Using the reported relative solubilities in the order of I > II > IV > III, the thermodynamic stability of the structures should increase in the order of I < II < IV < III (16). For sulfathiazole, crystallization from any solvent at a given temperature should initially give rise to the least stable form, followed by the stepwise conversion through the other metastable forms to the thermodynamically most stable Form III. But specific solvent–solute interactions might be needed to stabilize a particular form by inhibiting the nucleation and growth of the next most stable structure. Anwar reported that n-propanol could interfere with the completion of the β-sulfathiazole dimer in structures of Forms II, III, and IV because of its donor–acceptor duality (17). This could be why the efficiency of blocking the formation of a β ring in structures of Forms II, III, and IV increased in the order of water < methanol < ethanol < n-propanol < benzyl alcohol, as reflected by the decreasing amount of Forms III and IV in the DSC profiles (see Figures 8d, 8f, 8h, 8j, and 8k). On the other hand, solvents such as THF and DMF that lack a donor hydrogen and have lower Hansen hydrogen-bonding parameter (δ_h) values were unable to stabilize the transition state and gave a pure Form III structure without any trace of Form I seeds (see Figures 8b and 8g).

The kinetics effects of solvents on the crystallization of sulfathiazole polymorphs were also noticed in binary and ternary systems (16). Although sulfathiazole forms solvates, TGA scans verified that all sulfathiazole crystals produced were neither solvates nor hydrates because no weight loss upon heating was observed before the melting point of 203 °C (19). DSC responses of the sulfathiazole crystals grown in the 13 solvent mixtures of (acetonitrile:n-propanol:water) in Figure 9 showed that the crystals contained (polymorphs): (100:0:0) (Forms I, III, and IV), (0:100:0) (Forms I and V), (0:0:100) (Forms I and III), (50:50:0) (Forms I, III, and IV), (80:10:10) (Forms II, III, IV, and V), (45:45:10) (Forms I and V), (10:80:10) (Forms I, III, and IV), (60:20:20) (Forms I and V), (20:60:20) (Forms I, III, and IV), (33:33:33) (Forms II and III), (10:45:45) (Forms I and VI), (0:50:50) (Forms I, III, and IV), (45:10:45) (Forms I, III, and IV), (20:20:60) (Forms I, III, and IV), (50:0:50) (Forms I, III, IV, and V) and (10:10:80) (Forms I, III, and IV).

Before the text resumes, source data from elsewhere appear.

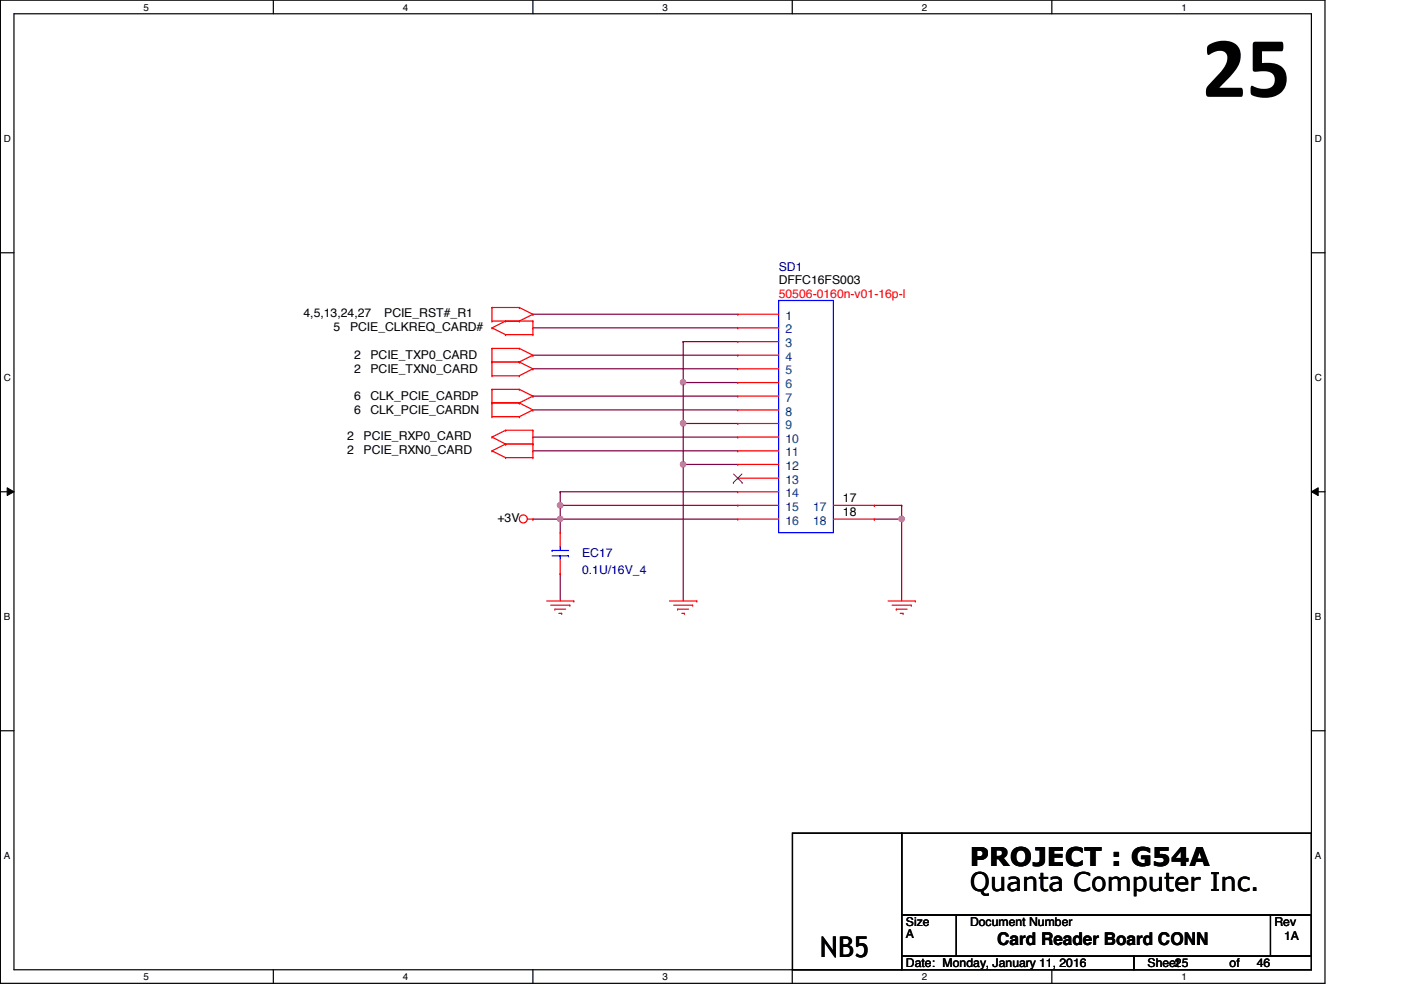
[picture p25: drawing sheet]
<svg xmlns="http://www.w3.org/2000/svg" width="297mm" height="210mm" viewBox="0 0 297 210" stroke-linecap="round" stroke-linejoin="round" font-family="sans-serif">
<defs><g id="words">
<text font-size="18.5" x="254.9" y="20.5">25</text>
<text font-size="6.1" x="173.8" y="202.9">NB5</text>
<g font-size="5.5">
<text x="205.7" y="183.6">PROJECT : G54A</text>
<text x="205.7" y="188.8">Quanta Computer Inc.</text>
</g>
<text font-size="3.7" x="211.5" y="200.4">Card Reader Board CONN</text>
<g font-size="2.6" fill="#000080">
<text x="165.1" y="57.4">SD1</text>
<text x="123.4" y="118.2">EC17</text>
<text x="123.4" y="121.7">0.1U/16V_4</text>
</g>
<g font-size="2.6">
<text x="165.1" y="60.3">DFFC16FS003</text>
<text x="64.3" y="67.2">4,5,13,24,27</text>
<text x="70.7" y="70.1">5</text>
<text x="74.2" y="70.1">PCIE_CLKREQ_CARD#</text>
<text x="81.4" y="67.2">PCIE_RST#_R1</text>
<text x="75.1" y="76.2">2</text>
<text x="78.5" y="76.2">PCIE_TXP0_CARD</text>
<text x="75.1" y="79.1">2</text>
<text x="78.5" y="79.1">PCIE_TXN0_CARD</text>
<text x="75.1" y="84.9">6</text>
<text x="75.1" y="87.8">6</text>
<text x="78.5" y="84.9">CLK_PCIE_CARDP</text>
<text x="78.5" y="87.8">CLK_PCIE_CARDN</text>
<text x="73.6" y="93.3">2</text>
<text x="77.1" y="93.3">PCIE_RXP0_CARD</text>
<text x="73.6" y="96.2">2</text>
<text x="77.1" y="96.2">PCIE_RXN0_CARD</text>
<text x="178.7" y="106.5">17</text>
<text x="105.4" y="110.7">+3V</text>
<text x="178.7" y="109.4">18</text>
<text x="192.1" y="196.3">Size</text>
<text x="205.7" y="196.3">Document Number</text>
<text x="270.2" y="196.3">Rev</text>
<text x="192.1" y="199">A</text>
<text x="272.2" y="199.3">1A</text>
<text x="192.1" y="205.1">Date: Monday, January 11, 2016</text>
<text x="243.3" y="205.1">Sheet25</text>
<text x="260.7" y="205.1">of</text>
<text x="266.5" y="205.1">46</text>
</g>
<text font-size="2.6" fill="#f00" x="165.1" y="63.2">50506-0160n-v01-16p-l</text>
<g font-size="2.6" fill="#004080">
<text x="166.5" y="67.8">1</text>
<text x="166.5" y="70.7">2</text>
<text x="166.5" y="73.6">3</text>
<text x="166.5" y="76.5">4</text>
<text x="166.5" y="79.4">5</text>
<text x="166.5" y="82.3">6</text>
<text x="166.5" y="85.2">7</text>
<text x="166.5" y="88.1">8</text>
<text x="166.5" y="91">9</text>
<text x="166.5" y="93.9">10</text>
<text x="166.5" y="96.8">11</text>
<text x="166.5" y="99.7">12</text>
<text x="166.5" y="102.6">13</text>
<text x="166.5" y="105.5">14</text>
<text x="166.5" y="108.3">15</text>
<text x="166.5" y="111.3">16</text>
<text x="172.4" y="108.3">17</text>
<text x="172.4" y="111.3">18</text>
</g>
<g font-size="2.1">
<text x="30.4" y="2.2">5</text>
<text x="85.4" y="2.2">4</text>
<text x="140.5" y="2.2">3</text>
<text x="195.4" y="2.2">2</text>
<text x="250.5" y="2.2">1</text>
<text x=".8" y="30.1">D</text>
<text x="278.8" y="30.1">D</text>
<text x=".8" y="80.8">C</text>
<text x="278.8" y="80.8">C</text>
<text x=".8" y="131.5">B</text>
<text x="278.8" y="131.5">B</text>
<text x=".8" y="182.2">A</text>
<text x="278.8" y="182.2">A</text>
<text x="30.4" y="207.8">5</text>
<text x="85.4" y="207.8">4</text>
<text x="140.5" y="207.8">3</text>
<text x="195.4" y="207.8">2</text>
<text x="250.5" y="207.8">1</text>
</g>
</g></defs>
<path d="M.1 0h280.8v208.5h-280.8zM3 2.9h275v202.7h-275z" fill="none" stroke="#000" stroke-width=".25"/>
<g fill="#fff">
<path d="M30.4 .3h1.2v2.4h-1.2z"/>
<path d="M30.4 205.9h1.2v2.3h-1.2z"/>
</g>
<path d="M58 0v2.9M58 205.6v2.9" fill="none" stroke="#000" stroke-width=".25"/>
<g fill="#fff">
<path d="M85.4 .3h1.2v2.4h-1.2z"/>
<path d="M85.4 205.9h1.2v2.3h-1.2z"/>
</g>
<path d="M113 0v2.9M113 205.6v2.9" fill="none" stroke="#000" stroke-width=".25"/>
<g fill="#fff">
<path d="M140.5 .3h1.1v2.4h-1.1z"/>
<path d="M140.5 205.9h1.1v2.3h-1.1z"/>
</g>
<path d="M168 0v2.9M168 205.6v2.9" fill="none" stroke="#000" stroke-width=".25"/>
<g fill="#fff">
<path d="M195.4 .3h1.2v2.4h-1.2z"/>
<path d="M195.4 205.9h1.2v2.3h-1.2z"/>
</g>
<path d="M223 0v2.9M223 205.6v2.9" fill="none" stroke="#000" stroke-width=".25"/>
<g fill="#fff">
<path d="M250.5 .3h1.1v2.4h-1.1z"/>
<path d="M250.5 205.9h1.1v2.3h-1.1z"/>
<path d="M.8 28.2h1.5v2.4h-1.5z"/>
<path d="M278.8 28.2h1.4v2.4h-1.4z"/>
<path d="M.8 78.9h1.5v2.3h-1.5z"/>
<path d="M278.8 78.9h1.4v2.3h-1.4z"/>
</g>
<path d="M.1 53.6h2.9M278 53.6h2.9" fill="none" stroke="#000" stroke-width=".25"/>
<g fill="#fff">
<path d="M.8 129.6h1.4v2.3h-1.4z"/>
<path d="M278.8 129.6h1.3v2.3h-1.3z"/>
</g>
<path d="M.1 104.3h2.9M278 104.3h2.9" fill="none" stroke="#000" stroke-width=".25"/>
<path d="M1.5 103.4l1.5 .9-1.5 .8zM278 104.3l1.5-.9v1.7z" fill="#000"/>
<path d="M1.5 103.4l1.5 .9-1.5 .8zM278 104.3l1.5-.9v1.7z" fill="none" stroke="#000" stroke-width=".21"/>
<g fill="#fff">
<path d="M.8 180.3h1.4v2.3h-1.4z"/>
<path d="M278.8 180.3h1.3v2.3h-1.3z"/>
</g>
<path d="M.1 154.9h2.9M278 154.9h2.9" fill="none" stroke="#000" stroke-width=".25"/>
<path d="M118.8 110.1h.1M118.8 110.1h37.6" fill="none" stroke="#800040" stroke-width=".25"/>
<circle cx="118.8" cy="110" r=".56" fill="#f0f"/>
<circle cx="118.8" cy="110" r=".56" fill="none" stroke="#f0f" stroke-width=".25"/>
<path d="M113 110.1h.1M113 110.1h5.8M118.8 104.3h.1M118.8 107.1h.1M118.8 104.3v2.8M118.8 104.3h37.6M118.8 107.1h37.6" fill="none" stroke="#800040" stroke-width=".25"/>
<circle cx="118.8" cy="107.2" r=".56" fill="#f0f"/>
<circle cx="118.8" cy="107.2" r=".56" fill="none" stroke="#f0f" stroke-width=".25"/>
<path d="M144.9 72.4h.1M144.9 72.4v8.7M144.9 72.4h11.5M118.8 107.1h.1M118.8 107.1v3" fill="none" stroke="#800040" stroke-width=".25"/>
<circle cx="144.8" cy="81.1" r=".56" fill="#f0f"/>
<circle cx="144.8" cy="81.1" r=".56" fill="none" stroke="#f0f" stroke-width=".25"/>
<path d="M144.9 81.1h.1M144.9 89.8h.1M144.9 81.1v17.4M144.9 81.1h11.5M144.9 89.8h11.5" fill="none" stroke="#800040" stroke-width=".25"/>
<circle cx="144.8" cy="89.8" r=".56" fill="#f0f"/>
<circle cx="144.8" cy="89.8" r=".56" fill="none" stroke="#f0f" stroke-width=".25"/>
<g fill="none" stroke="#800040" stroke-width=".25">
<path d="M113 66.6h.1M113 69.5h.1M113 75.3h.1M113 78.2h.1M113 66.6h43.4M113 69.5h43.4M113 75.3h43.4M113 78.2h43.4M113 84h.1M113 86.9h.1M113 92.7h.1M113 95.6h.1"/>
<path d="M113 84h43.4M113 86.9h43.4M113 92.7h43.4M113 95.6h43.4M144.9 98.5h.1M144.9 98.5v28.9M144.9 98.5h11.5M118.8 110.1h.1M118.8 110.1v2.8M118.8 121.6h.1M118.8 121.6v5.8"/>
</g>
<circle cx="144.8" cy="98.5" r=".56" fill="#f0f"/>
<circle cx="144.8" cy="98.5" r=".56" fill="none" stroke="#f0f" stroke-width=".25"/>
<path d="M185.4 107.1h.1M185.4 110.1h.1M185.4 107.1h5.8M185.4 110.1h5.8M191.2 107.1h.1M191.2 110.1h.1M191.2 107.1v20.3" fill="none" stroke="#800040" stroke-width=".25"/>
<circle cx="191.2" cy="110" r=".56" fill="#f0f"/>
<circle cx="191.2" cy="110" r=".56" fill="none" stroke="#f0f" stroke-width=".25"/>
<g fill="none" stroke="#f00" stroke-width=".25">
<path d="M104.3 76.8h.1M104.3 73.9h.1M104.3 79.7h.1M104.3 68.1h.1M104.3 65.2h.1M104.3 69.5h.1M104.3 73.9h5.8M104.3 76.8h5.8M104.3 65.2v2.9M104.3 73.9v5.8M104.3 65.2h5.8M104.3 79.7h5.8"/>
<path d="M104.3 68.1h8.7M104.3 69.5l2.9 1.5M107.2 71h5.8M107.2 68.1l-2.9 1.4M107.2 68.1h.1M107.2 71h.1M110.1 73.9h.1M110.1 76.8h.1M110.1 79.7h.1M110.1 65.2h.1M110.1 68.1h.1M110.1 73.9l2.9 1.4"/>
<path d="M110.1 76.8l2.9 1.4M110.1 65.2l2.9 1.4M113 75.3h.1M113 78.2h.1M113 66.6h.1M113 68.1h.1M113 71h.1M113 75.3l-2.9 1.5M113 78.2l-2.9 1.5M113 68.1v2.9M113 66.6l-2.9 1.5M156.4 66.6h8.7"/>
<path d="M156.4 69.5h8.7M156.4 72.4h8.7M156.4 75.3h8.7M156.4 78.2h8.7M156.4 66.6h.1M156.4 69.5h.1M156.4 72.4h.1M156.4 75.3h.1M156.4 78.2h.1M104.3 92.7h.1M104.3 95.6h.1M104.3 85.4h.1"/>
<path d="M104.3 82.5h.1M104.3 88.3h.1M104.3 82.6v5.7M104.3 82.5h5.8M104.3 85.4h5.8M104.3 88.3h5.8M104.3 92.7l2.9 1.4M104.3 95.6l2.9 1.4M107.2 94.1h5.8M107.2 97h5.8M107.2 91.2l-2.9 1.5M107.2 94.1l-2.9 1.5"/>
<path d="M107.2 91.2h.1M107.2 94.1h.1M107.2 97h.1M107.2 91.2h5.8M110.1 82.5h.1M110.1 85.4h.1M110.1 88.3h.1M110.1 82.5l2.9 1.5M110.1 85.4l2.9 1.5M113 91.2h.1M113 94.1h.1M113 97h.1"/>
<path d="M113 84h.1M113 86.9h.1M113 91.2v5.8M113 84l-2.9 1.4M113 86.9l-2.9 1.4M156.4 81.1h8.7M156.4 84h8.7M156.4 86.9h8.7M156.4 89.8h8.7M156.4 92.7h8.7M156.4 95.6h8.7M156.4 98.5h8.7"/>
<path d="M156.4 81.1h.1M156.4 84h.1M156.4 86.9h.1M156.4 89.8h.1M156.4 92.7h.1M156.4 95.6h.1M156.4 98.5h.1M111.8 110.1h1.2M113 110.1h.1M118.8 112.9h.1M118.8 112.9v3M118.8 118.7v2.9"/>
<path d="M156.4 110.1h8.7M156.4 101.4h8.7M156.4 104.3h8.7M156.4 107.1h8.7M156.4 101.4h.1M156.4 104.3h.1M156.4 107.1h.1M156.4 110.1h.1M176.7 110.1h8.7M176.7 107.1h8.7M185.4 107.1h.1M185.4 110.1h.1"/>
<path d="M115.9 127.4h5.8M116.8 128.3h4M117.6 129.2h.1M117.6 129.2h2.3M118.5 130h.6M118.8 121.6h.1M119.1 130h.1M120.8 128.3h.1M121.7 127.4h.1M141.9 127.4h5.8M142.8 128.3h4.1M143.7 129.2h.1"/>
<path d="M143.7 129.2h2.3M144.6 130h.5M145.1 130h.1M146.9 128.3h.1M147.7 127.4h.1M188.3 127.4h5.8M189.1 128.3h4.1M190 129.2h2.3M190 129.2h.1M190.9 130h.6M191.5 130h.1M193.2 128.3h.1"/>
<path d="M194.1 127.4h.1"/>
<circle cx="110.9" cy="110" r=".85"/>
</g>
<path d="M168 176.7h23.2v28.9h-23.2zM191.2 176.7h86.8v17.3h-86.8zM191.2 194h11.6v8.7h-11.6zM202.8 194h75.2v8.7h-75.2zM269.4 194h8.6v8.7h-8.6zM191.2 202.7h49.2v2.9h-49.2zM240.4 202.7h37.6v2.9h-37.6z" fill="none" stroke="#000" stroke-width=".25"/>
<path d="M165.1 63.7h11.6v49.2h-11.6zM117 116.7h3.5M117 116.7h.1M117 117.9h3.5M118.8 117.9h.1M118.8 115.9h.1M118.8 115.9v.8M118.8 117.9v.8M120.5 117.9h.1" fill="none" stroke="#00f" stroke-width=".25"/>
<path d="M155.5 102.3h.1M155.5 100.5l1.8 1.8M157.3 100.5l-1.8 1.8M157.3 102.3h.1" fill="none" stroke="#804000" stroke-width=".21"/>
<circle cx="118.8" cy="110" r=".56" fill="#f0f"/>
<circle cx="118.8" cy="110" r=".56" fill="none" stroke="#f0f" stroke-width=".25"/>
<circle cx="118.8" cy="107.2" r=".56" fill="#f0f"/>
<circle cx="118.8" cy="107.2" r=".56" fill="none" stroke="#f0f" stroke-width=".25"/>
<circle cx="144.8" cy="81.1" r=".56" fill="#f0f"/>
<circle cx="144.8" cy="81.1" r=".56" fill="none" stroke="#f0f" stroke-width=".25"/>
<circle cx="144.8" cy="89.8" r=".56" fill="#f0f"/>
<circle cx="144.8" cy="89.8" r=".56" fill="none" stroke="#f0f" stroke-width=".25"/>
<circle cx="144.8" cy="98.5" r=".56" fill="#f0f"/>
<circle cx="144.8" cy="98.5" r=".56" fill="none" stroke="#f0f" stroke-width=".25"/>
<circle cx="191.2" cy="110" r=".56" fill="#f0f"/>
<circle cx="191.2" cy="110" r=".56" fill="none" stroke="#f0f" stroke-width=".25"/>
<use href="#words"/>
</svg>

The endotherm at 203 °C was the melting point of Form I, which also might have been produced by the enantiotropic transformation of Forms III, IV, V, and VI upon heating in the DSC (29). But this time, Form II was observed for solids generated by the ternary solvent mixtures of (80:10:10) and (33:33:33) (see Figures 9e and 9j). Moreover, an endotherm that appeared at a relatively low 135 °C for the ternary solvent mixture of (10:45:45) (see Figure 9k) was considered a newly discovered polymorph for sulfathiazole, conventionally Form VI (29).